Could be cyclops, they won't harm your shrimps if they are, here is a link, see if you can match the critter to anything on there. What is that bug in my Aquarium? .:. Various small creatures that can inhabit a Freshwater Invertebrate Aquarium Pretty good site of shrimp information too!


----------



## RolyMo (20 Sep 2013)

Video link


----------



## Michael W (20 Sep 2013)

Yep pretty sure they're cyclops.


----------



## RolyMo (20 Sep 2013)

Thanks Michael
Slight panic. 
Thanks for the reassurance. 
What happens now. 
I have no fish in there to eat them?
Do they just die? 
Thanks in advance
Roly


----------



## Michael W (20 Sep 2013)

They won't harm your shrimps so you really don't have to worry too much about them, only if you don't like the looks of them. If anything the fact that they're there means that you have a pretty good environment in the tank in my opinion. Although they will eat the cyclops, I wouldn't add fish as I find shrimps are less nervous without fish.

P.s I guess one way to help reduce the numbers and perhaps getting rid of them totally is to remove leftover food and keep the substrate clean.

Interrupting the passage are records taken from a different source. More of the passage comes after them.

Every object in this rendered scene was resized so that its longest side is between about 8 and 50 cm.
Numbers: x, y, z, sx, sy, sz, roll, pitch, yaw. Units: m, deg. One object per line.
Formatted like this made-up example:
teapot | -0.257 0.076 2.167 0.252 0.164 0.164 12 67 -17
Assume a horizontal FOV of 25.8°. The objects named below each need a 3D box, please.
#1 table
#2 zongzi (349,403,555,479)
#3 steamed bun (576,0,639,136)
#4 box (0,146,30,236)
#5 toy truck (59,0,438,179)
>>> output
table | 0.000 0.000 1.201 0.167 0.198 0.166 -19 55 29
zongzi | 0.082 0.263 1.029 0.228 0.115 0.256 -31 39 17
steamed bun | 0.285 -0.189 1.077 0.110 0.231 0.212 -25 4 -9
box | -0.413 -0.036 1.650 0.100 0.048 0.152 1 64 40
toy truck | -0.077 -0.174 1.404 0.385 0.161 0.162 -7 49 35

Treat them as you would treat snail outbreaks.


----------



## RolyMo (21 Sep 2013)

Ok thanks Michael
So when I get snail outbreaks in my other tank it is due to over feeding and I reduce the food to the fish over a week and that slows the snails down if not eradicating them. 

Feel much better thank you.
I was just admiring the new purchase when I saw other critters in there and panicked for the safety of the shrimp.

I dread to think how nail biting it must be to own the top end shrimp at over £100/ shrimp. Jeez. 
R


----------



## callmephathead (21 Sep 2013)

Michael W said:


> Could be cyclops, they won't harm your shrimps if they are, here is a link, see if you can match the critter to anything on there. What is that bug in my Aquarium? .:. Various small creatures that can inhabit a Freshwater Invertebrate Aquarium Pretty good site of shrimp information too!



Interesting little link! 
Thanks for that.


----------



## Martin in Holland (21 Sep 2013)

I use to have those little critters in my shrimp tank too. I got writ of them by putting a few Endler guppies in the tank for a while.


----------



## Yo-han (23 Sep 2013)

The shrimp will eat the cyclops as well when hungry. So I think they'll disappear on their own.


----------



## RolyMo (23 Sep 2013)

Hi Yo-han. Great news. Thanks for allaying my fears. Always learning in this hobby.


----------